From page 28 of Prayer, Stress, and Our Inner Wounds by Flora Slosson Wuellner. Copyright © 1985 by The Upper Room. All rights reserved. Used by permission of Upper Room Books. http://bookstore.upperroom.org/ Learn more about or purchase this book.

Today’s Question

Are you holding on to past wounds? Invite God’s love to surround you. Share your thoughts.

Today’s Scripture

Therefore be imitators of God, as beloved children, and live in love, as Christ loved us and gave himself up for us, a fragrant offering and sacrifice to God.
Ephesians 5:1-2, NRSV

This Week: pray for those with cancer and their families.
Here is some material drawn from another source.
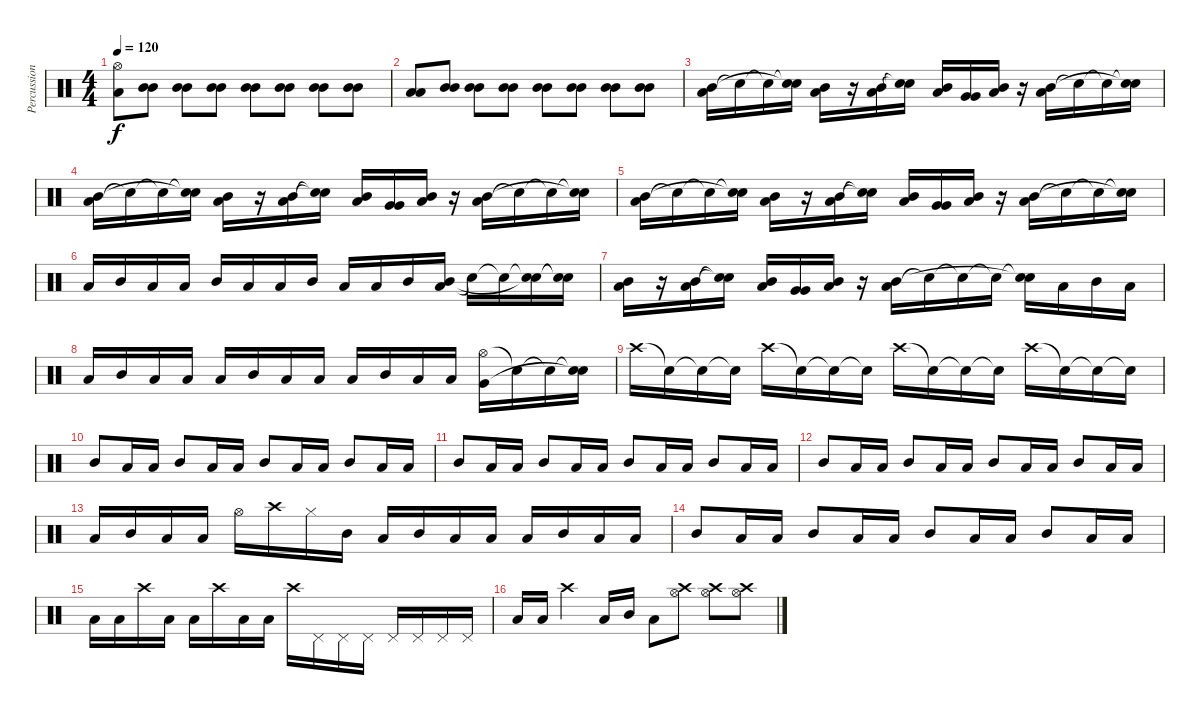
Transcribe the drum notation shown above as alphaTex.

Submit your prayer to The Upper Room Living Prayer Center or share it in the comment section below.

Did You Know?

Church leaders in Zimbabwe struggle to gather and distribute Christian educational materials for their congregations. Pastor Phillip Musharu is leading an effort to grow distribution of The Upper Room daily devotional guide to help meet the need for resources. Read more about Musharu here or visit www.upperroom.org/gift to donate to the Africa Initiative.

Saints, Inc.:

This week we remember Florence Nightingale (August 13).

Lectionary Readings

(Courtesy of Vanderbilt Divinity Library)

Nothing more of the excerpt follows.